In order to try and determine whether the effect was likely to be true I tried two variations on the experiment.

Uniform Regional Transmissibility:

The first experiment was to force all regions to share the same base transmissibility. This provided an estimate that masks had an effectiveness of −10% (less effective than nothing). This validates the basic concern, but does not address the confounder of high transmissibility regions causing mask wearing (which causes transmissibility to decrease).

No Mask Variation:

The next experiment was to force each regions to use a constant value for mask wearing (the average value in the time period). Although this would add noise to the estimate, it should distinguish between the two effects. In this experiment masks appeared to be reduce transmission, but the point estimate was only ~8% and was not significantly different from 0.

Data Extrapolation:

Another experiment would be to look at the difference between April and May. During this period mask usage did increase (by around 8 percentage points) and the growth rate did decline. But again there was little to no correlation between how much the mask usage increased, and how much the growth rate declined.

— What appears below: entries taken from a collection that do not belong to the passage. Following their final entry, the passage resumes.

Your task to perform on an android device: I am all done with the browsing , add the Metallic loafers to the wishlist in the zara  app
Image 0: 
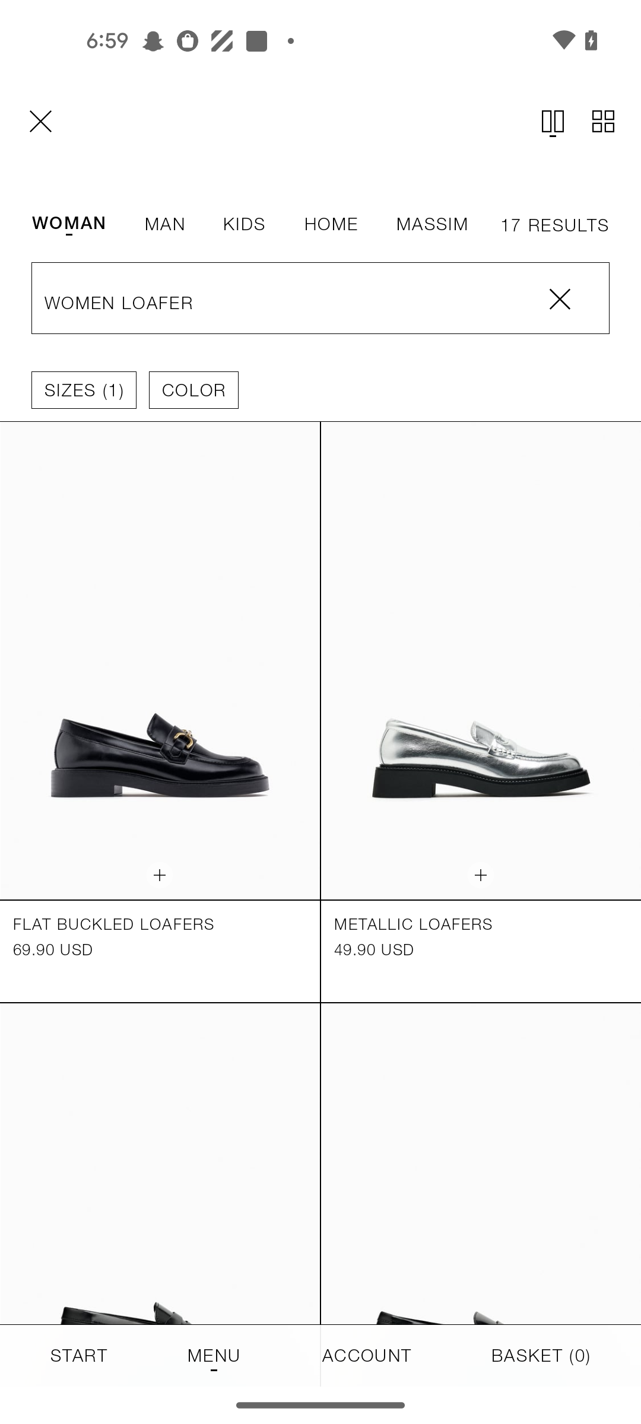
Click on the Metallic loafers
Step 0: click (481, 660)
Image 1: 
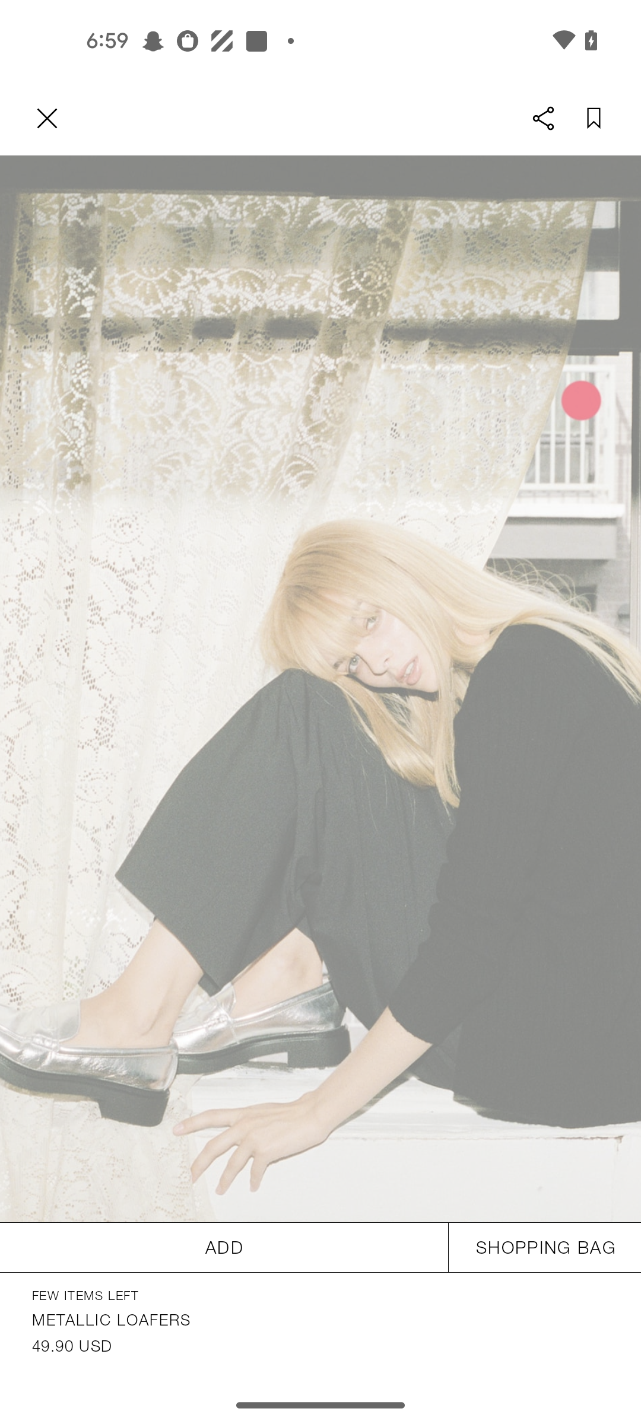
Click on the Add button 
Step 1: click (224, 1247)
Image 2: 
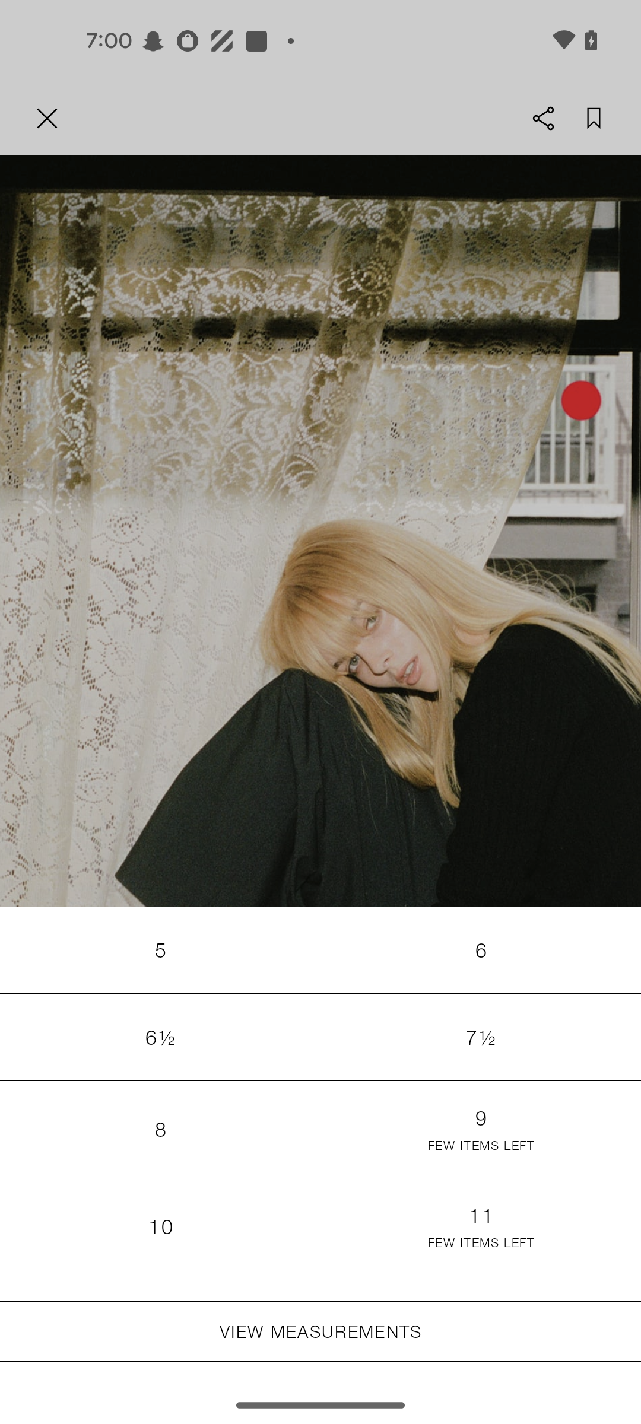
Select the size 8
Step 2: click (160, 1130)

The failure of large absolute differences in mask wearing across regions to meaningfully impact the observed growth rate, should make us skeptical of large claimed effects within a particular region. Clever statistical methods can make observational studies more powerful, but they are not sufficient to prove a causal story. A randomized trial underway in Bangladesh found that they could increase mask wearing by 30 percentage points. This randomization allows us to infer causality with much more confidence, and should provide a more definitive answer.